Although the accuracy seems to have gotten better now as of 2016 (provided you use a good headset), I still find myself spending a huge amount of excess time fixing all of the problems it creates along the way. One of the most notable issues I’ve found is how it will crash at least once EVERY TIME I USE IT. And another is how it will randomly start to delete the work you have just done, paragraph by paragraph, and there’s no way to stop it. It’s like a runaway freight train… you just have to ride it out and go back and hope you have a history to return to (ie. via the Mac’s TextEdit tool, or undo/redo if using Microsoft Word). Nothing like dictating a ton load of personal information only to have it zapped by a buggy computer program! Every time this happens I want to grab the phone and call Nuance with an earful of ranting profanity, but where can I even call? Free tech support seems to be pretty much non-existent.
Okay, in regard to tech support, at first glance it looks like Nuance now provides you with a wealth of support options on their site… user guides, demo videos, training, FAQ, support forums (where it will take you two weeks to get an answer from someone who doesn’t even know the answer most likely),… even white papers! Ooh… but to call tech support and hopefully get an answer right away it will cost you… big time. Essentially $10 to $20 (depending if it’s from a web ticket or phone call) if you’re past the 90 day warranty period, and then just Monday thru Friday til 8pm Eastern time of course.
And I think one of the most frustrating issues is– that we’re stuck with using Nuance’s product… or nothing. Now I know Apple has some form of dictation built in to the OS and iOS, but a networked dictation solution– in my opinion– just plain sucks. For anyone who’s had to use dictation via siri or within notes, text, etc in the midst of a busy work day can attest, it all comes down to network congestion. I’ll be in the midst of dictating notes from a client visit via my phone and notepad, and then the networked dictation will crap out in the middle of it, leaving me with having to use my index finger to type out the next 10 paragraphs or so. And I’m no whiz with typing on the phone– certainly not with my thumbs either. Even with a stylus it’s brutal on the hands and the eyes. I can imagine the same situation would happen on the desktop Mac, though at least I could resort to my usual “modified hunt & peck” method of typing on my keyboard.

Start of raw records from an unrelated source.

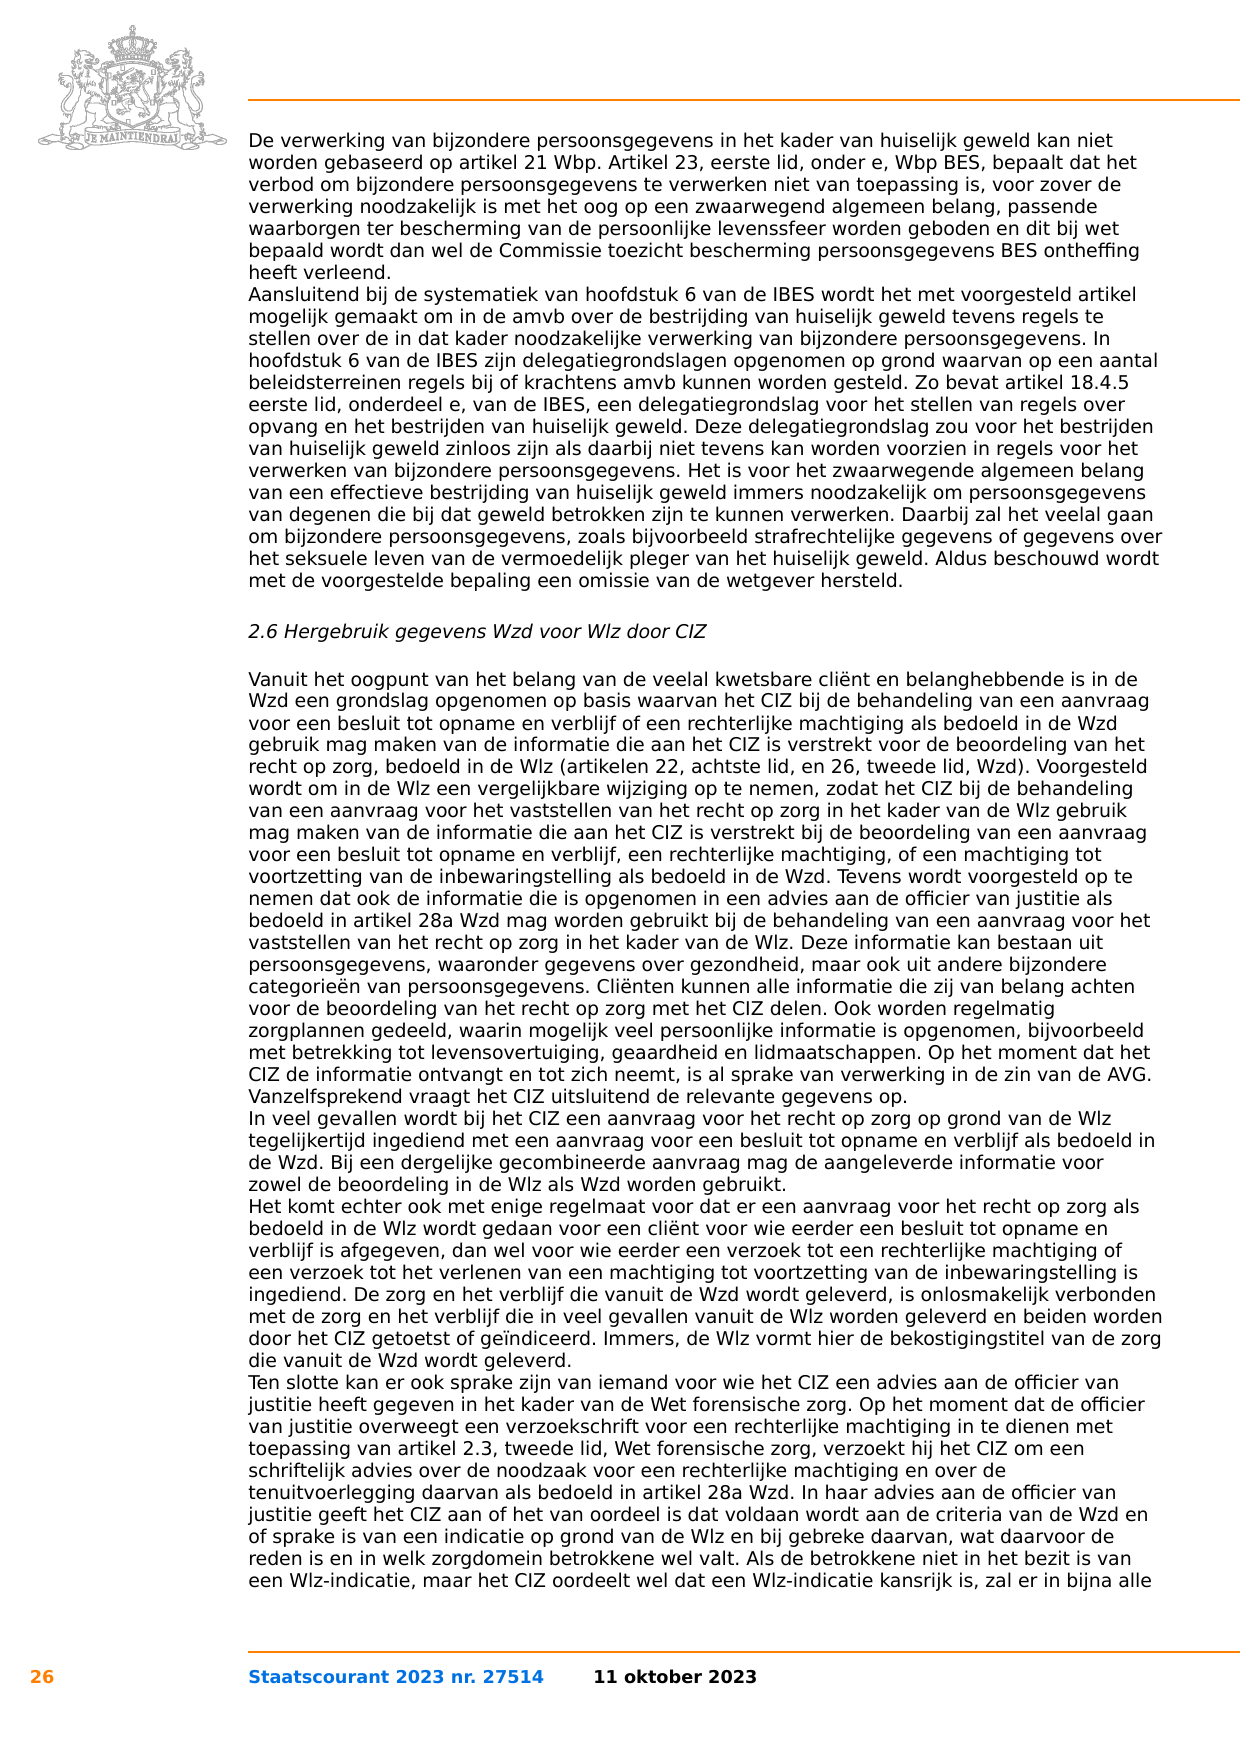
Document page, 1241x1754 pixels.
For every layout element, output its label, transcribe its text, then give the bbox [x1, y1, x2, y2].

text Aansluitend bij de systematiek van hoofdstuk 6 van de IBES wordt het met voorgesteld artikel mogelijk gemaakt om in de amvb over de bestrijding van huiselijk geweld tevens regels te stellen over de in dat kader noodzakelijke verwerking van bijzondere persoonsgegevens. In hoofdstuk 6 van de IBES zijn delegatiegrondslagen opgenomen op grond waarvan op een aantal beleidsterreinen regels bij of krachtens amvb kunnen worden gesteld. Zo bevat artikel 18.4.5 eerste lid, onderdeel e, van de IBES, een delegatiegrondslag voor het stellen van regels over opvang en het bestrijden van huiselijk geweld. Deze delegatiegrondslag zou voor het bestrijden van huiselijk geweld zinloos zijn als daarbij niet tevens kan worden voorzien in regels voor het verwerken van bijzondere persoonsgegevens. Het is voor het zwaarwegende algemeen belang van een effectieve bestrijding van huiselijk geweld immers noodzakelijk om persoonsgegevens van degenen die bij dat geweld betrokken zijn te kunnen verwerken. Daarbij zal het veelal gaan om bijzondere persoonsgegevens, zoals bijvoorbeeld strafrechtelijke gegevens of gegevens over het seksuele leven van de vermoedelijk pleger van het huiselijk geweld. Aldus beschouwd wordt met de voorgestelde bepaling een omissie van de wetgever hersteld. [248, 284, 1163, 591]
text In veel gevallen wordt bij het CIZ een aanvraag voor het recht op zorg op grond van de Wlz tegelijkertijd ingediend met een aanvraag voor een besluit tot opname en verblijf als bedoeld in de Wzd. Bij een dergelijke gecombineerde aanvraag mag de aangeleverde informatie voor zowel de beoordeling in de Wlz als Wzd worden gebruikt. [248, 1108, 1163, 1196]
picture [38, 25, 227, 150]
subtitle 2.6 Hergebruik gegevens Wzd voor Wlz door CIZ [248, 621, 1163, 643]
text De verwerking van bijzondere persoonsgegevens in het kader van huiselijk geweld kan niet worden gebaseerd op artikel 21 Wbp. Artikel 23, eerste lid, onder e, Wbp BES, bepaalt dat het verbod om bijzondere persoonsgegevens te verwerken niet van toepassing is, voor zover de verwerking noodzakelijk is met het oog op een zwaarwegend algemeen belang, passende waarborgen ter bescherming van de persoonlijke levenssfeer worden geboden en dit bij wet bepaald wordt dan wel de Commissie toezicht bescherming persoonsgegevens BES ontheffing heeft verleend. [248, 130, 1163, 284]
text Het komt echter ook met enige regelmaat voor dat er een aanvraag voor het recht op zorg als bedoeld in de Wlz wordt gedaan voor een cliënt voor wie eerder een besluit tot opname en verblijf is afgegeven, dan wel voor wie eerder een verzoek tot een rechterlijke machtiging of een verzoek tot het verlenen van een machtiging tot voortzetting van de inbewaringstelling is ingediend. De zorg en het verblijf die vanuit de Wzd wordt geleverd, is onlosmakelijk verbonden met de zorg en het verblijf die in veel gevallen vanuit de Wlz worden geleverd en beiden worden door het CIZ getoetst of geïndiceerd. Immers, de Wlz vormt hier de bekostigingstitel van de zorg die vanuit de Wzd wordt geleverd. [248, 1196, 1163, 1372]
text Vanuit het oogpunt van het belang van de veelal kwetsbare cliënt en belanghebbende is in de Wzd een grondslag opgenomen op basis waarvan het CIZ bij de behandeling van een aanvraag voor een besluit tot opname en verblijf of een rechterlijke machtiging als bedoeld in de Wzd gebruik mag maken van de informatie die aan het CIZ is verstrekt voor de beoordeling van het recht op zorg, bedoeld in de Wlz (artikelen 22, achtste lid, en 26, tweede lid, Wzd). Voorgesteld wordt om in de Wlz een vergelijkbare wijziging op te nemen, zodat het CIZ bij de behandeling van een aanvraag voor het vaststellen van het recht op zorg in het kader van de Wlz gebruik mag maken van de informatie die aan het CIZ is verstrekt bij de beoordeling van een aanvraag voor een besluit tot opname en verblijf, een rechterlijke machtiging, of een machtiging tot voortzetting van de inbewaringstelling als bedoeld in de Wzd. Tevens wordt voorgesteld op te nemen dat ook de informatie die is opgenomen in een advies aan de officier van justitie als bedoeld in artikel 28a Wzd mag worden gebruikt bij de behandeling van een aanvraag voor het vaststellen van het recht op zorg in het kader van de Wlz. Deze informatie kan bestaan uit persoonsgegevens, waaronder gegevens over gezondheid, maar ook uit andere bijzondere categorieën van persoonsgegevens. Cliënten kunnen alle informatie die zij van belang achten voor de beoordeling van het recht op zorg met het CIZ delen. Ook worden regelmatig zorgplannen gedeeld, waarin mogelijk veel persoonlijke informatie is opgenomen, bijvoorbeeld met betrekking tot levensovertuiging, geaardheid en lidmaatschappen. Op het moment dat het CIZ de informatie ontvangt en tot zich neemt, is al sprake van verwerking in de zin van de AVG. Vanzelfsprekend vraagt het CIZ uitsluitend de relevante gegevens op. [248, 668, 1163, 1108]
text Ten slotte kan er ook sprake zijn van iemand voor wie het CIZ een advies aan de officier van justitie heeft gegeven in het kader van de Wet forensische zorg. Op het moment dat de officier van justitie overweegt een verzoekschrift voor een rechterlijke machtiging in te dienen met toepassing van artikel 2.3, tweede lid, Wet forensische zorg, verzoekt hij het CIZ om een schriftelijk advies over de noodzaak voor een rechterlijke machtiging en over de tenuitvoerlegging daarvan als bedoeld in artikel 28a Wzd. In haar advies aan de officier van justitie geeft het CIZ aan of het van oordeel is dat voldaan wordt aan de criteria van de Wzd en of sprake is van een indicatie op grond van de Wlz en bij gebreke daarvan, wat daarvoor de reden is en in welk zorgdomein betrokkene wel valt. Als de betrokkene niet in het bezit is van een Wlz-indicatie, maar het CIZ oordeelt wel dat een Wlz-indicatie kansrijk is, zal er in bijna alle [248, 1372, 1163, 1592]

So hopefully there will eventually be someone who comes forward into the ring and knocks Nuance off its pedestal.
Nuance now seems to be putting the majority of its efforts into their web-based subscription dictation solution “Dragon Anywhere,” and essentially leaving the rest of us behind. And considering the other big companies who have switched to subscription-based models, soon we may have no choice but to fork over their monthly fee (forever) if we want to use Nuance’s products on the Mac or PC.
Nuance has essentially monopolized the voice dictation business, and really needs a major competitor right now. It’s the only way we’re ever going to get a better product and better customer service, because both companies will be battling it out for our business. Until then we are at the mercy of Nuance and Apple’s very limited (and very frustrating) alternative.